SigNoz Cloud - This page applies to SigNoz Cloud editions.
Self-Host - This page applies to self-hosted SigNoz editions.

A Metric-based alert in SigNoz allows you to define conditions based on metric data and trigger alerts when these conditions are met. You can define your metric query using Query Builder, ClickHouse queries, or PromQL.

This page covers the configuration options available for Metric-based alerts — from defining the metric query to setting conditions and notification preferences.

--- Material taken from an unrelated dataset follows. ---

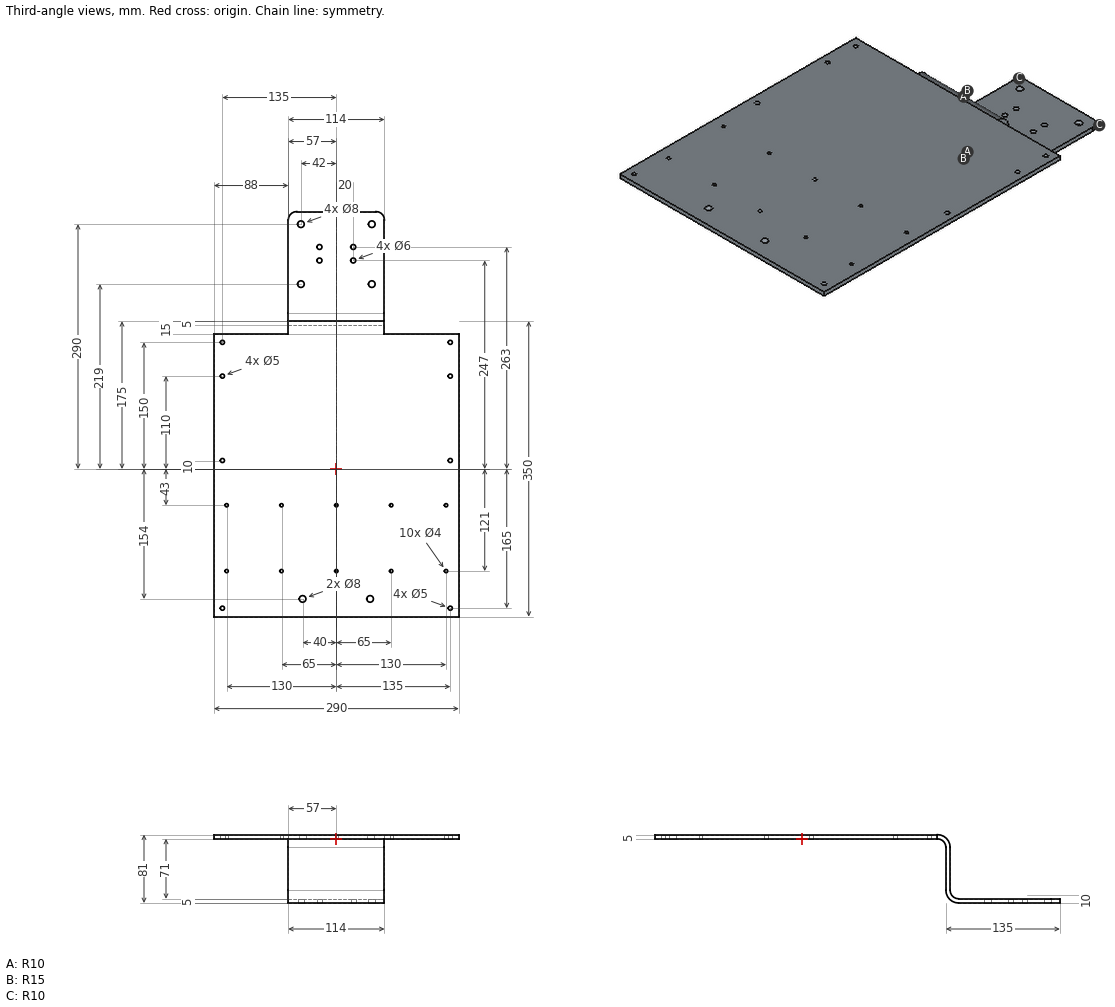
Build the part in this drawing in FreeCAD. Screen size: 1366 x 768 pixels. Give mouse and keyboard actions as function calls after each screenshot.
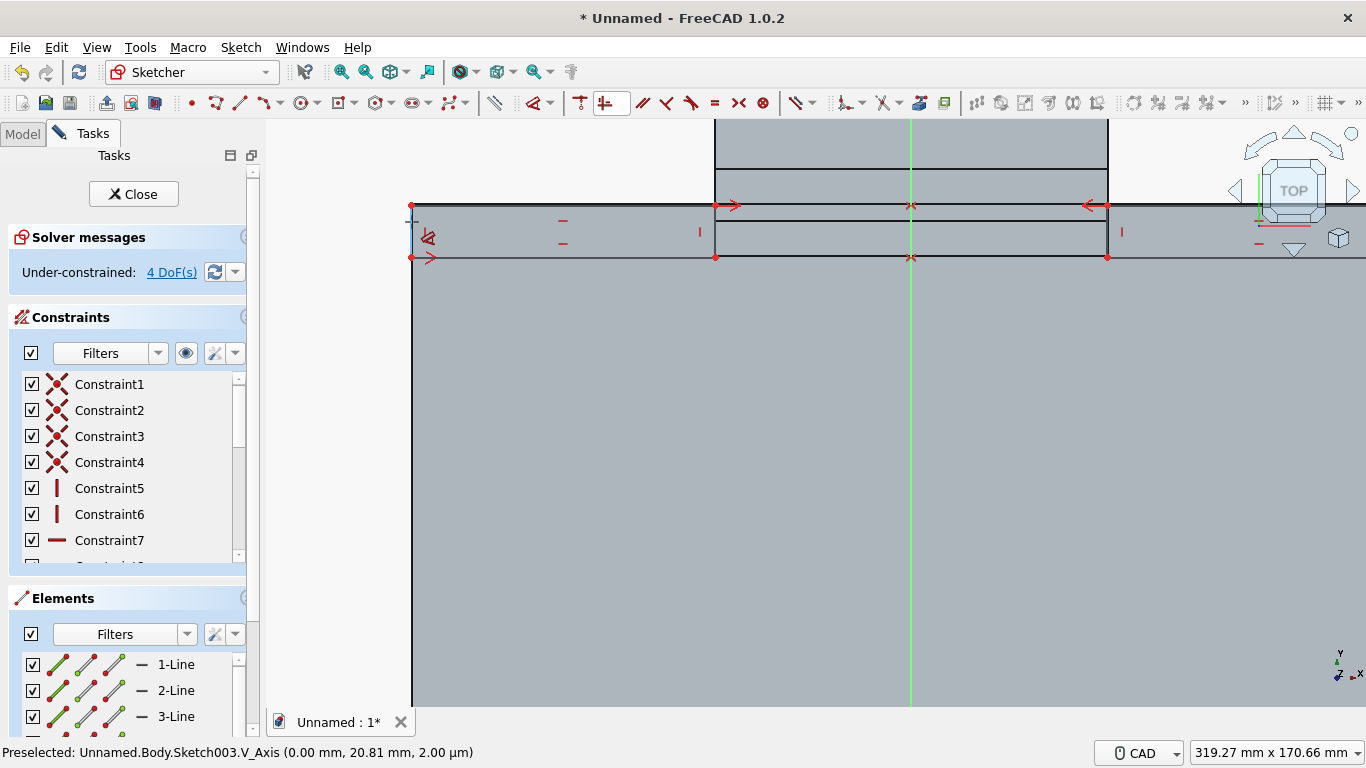
click(411, 221)
click(377, 232)

At the top of the alert creation page, you can set:

  • Alert Name: A field to name the alert for easy identification.
  • Labels: Add static labels or tags for categorization. Labels should be added in key-value pairs. First enter key (avoid space in key) and set value.
Alert name and labels at the top of the alert creation page
Set alert name and labels

Step 1: Define the Metric

In this step, you use the Metrics Query Builder to choose the metric to monitor. The following fields are available:

  • Metric: Select the specific metric you want to monitor (e.g., k8s.pod.memory_request_utilization, system.cpu.utilization).

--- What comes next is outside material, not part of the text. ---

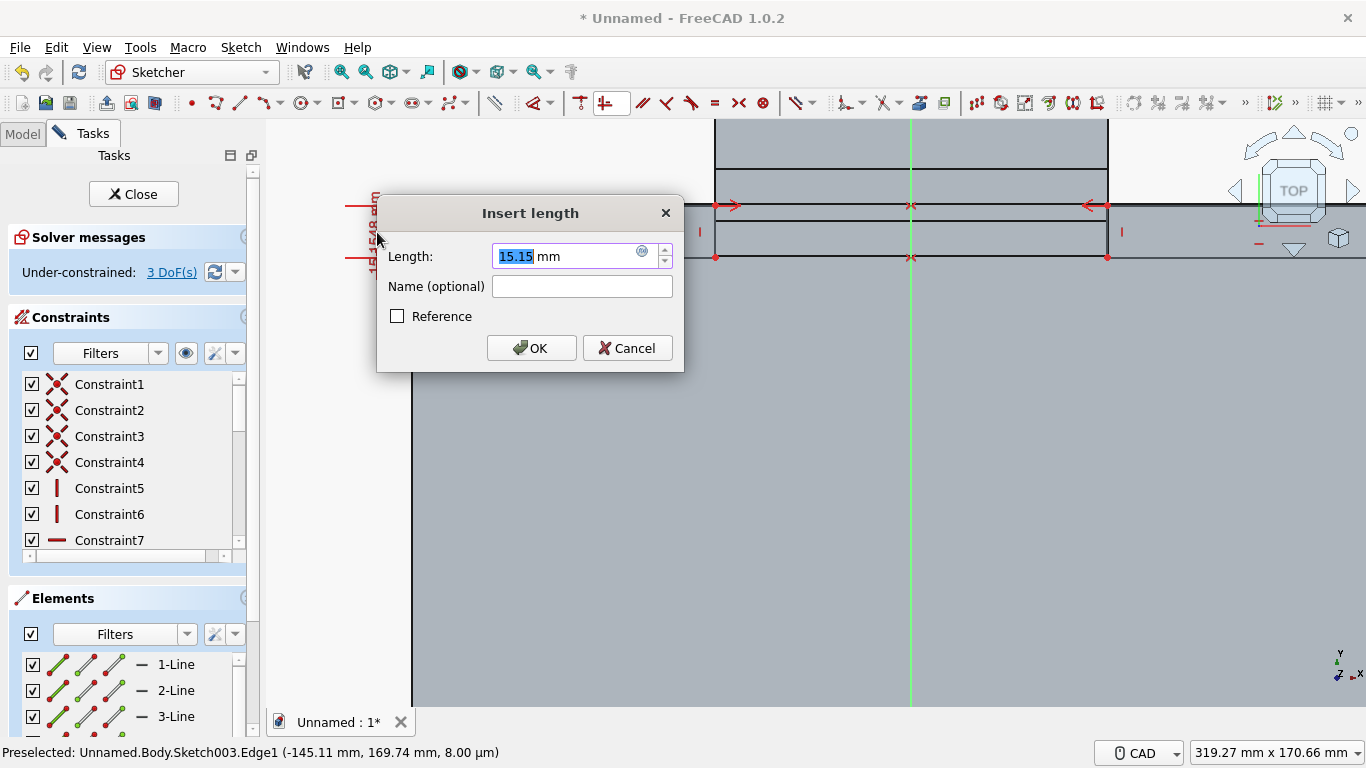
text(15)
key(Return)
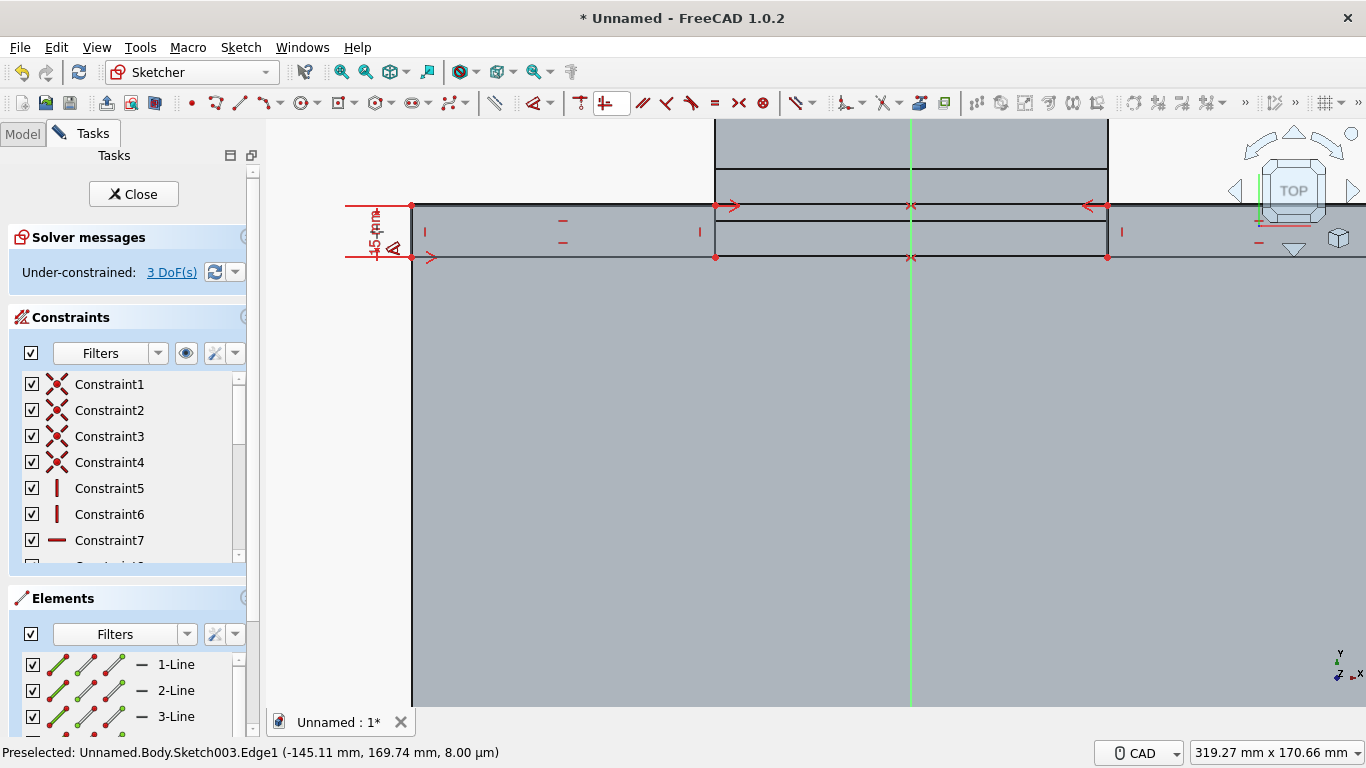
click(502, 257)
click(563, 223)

  • Filter: Write a filter expression to narrow the data (e.g., service.name = 'frontend'). Supports logical operators like AND, OR, IN, NOT IN.

  • Aggregate within time series: Select the time aggregation function (Avg, Sum, Min, Max, Count, Rate, etc.) and the step interval. Learn more about time aggregation.

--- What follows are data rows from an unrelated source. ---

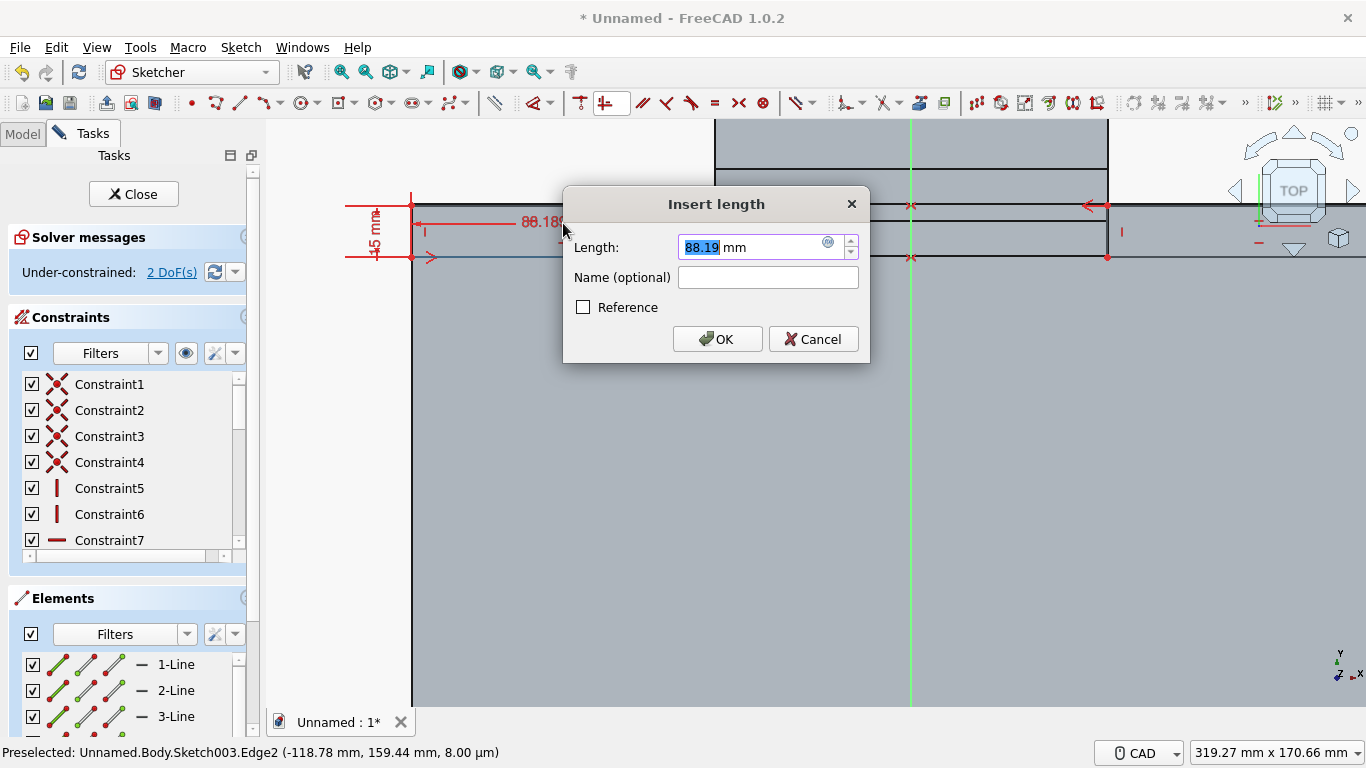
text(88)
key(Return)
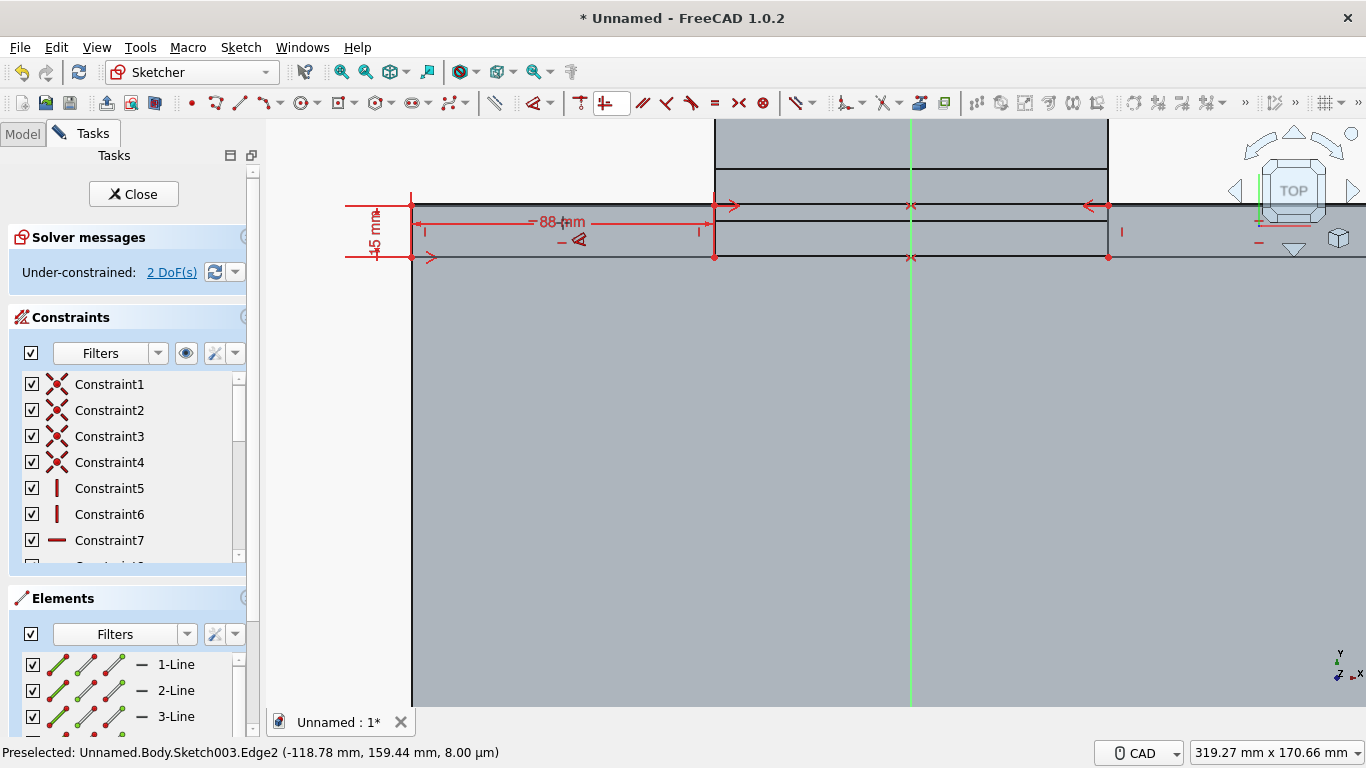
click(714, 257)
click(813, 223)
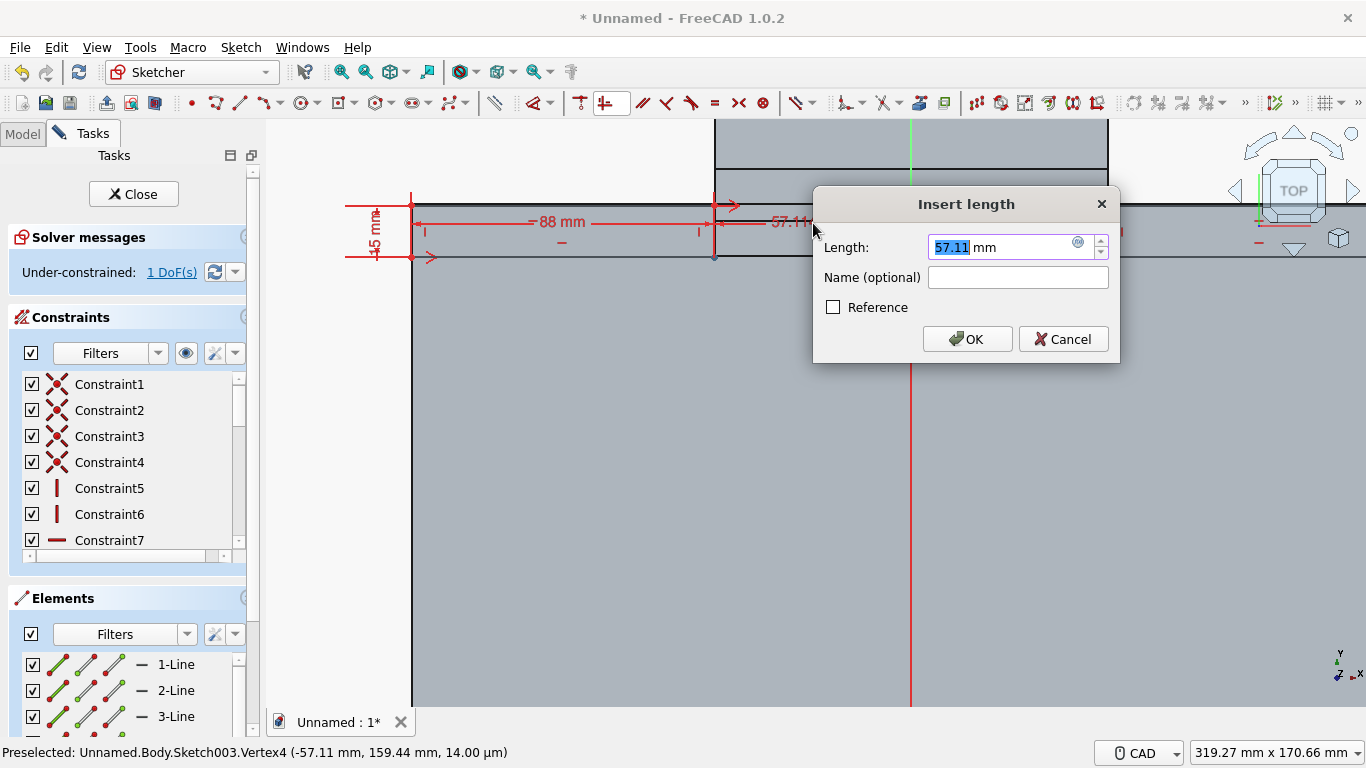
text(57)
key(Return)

  • Aggregate across time series: Select the space aggregation function and optional group-by dimensions. Learn more about space aggregation.

  • Legend Format: Customize the legend's format in the visual representation of the alert.

  • Having: Apply conditions to filter the results further based on aggregate value.

Using Query Builder to the metric to monitor
Using Query Builder to define the metric to monitor

To know more about the functionalities of the Query Builder, checkout the documentation.

Step 2: Define Alert Conditions

In this step, you define the specific conditions for triggering the alert, as well as the frequency of checking those conditions. The condition configuration of an alert in SigNoz consists of 5 core parts:

Query

An alert can consist of multiple queries and formulas. But only 1 of them can be put into consideration while determining the alert condition.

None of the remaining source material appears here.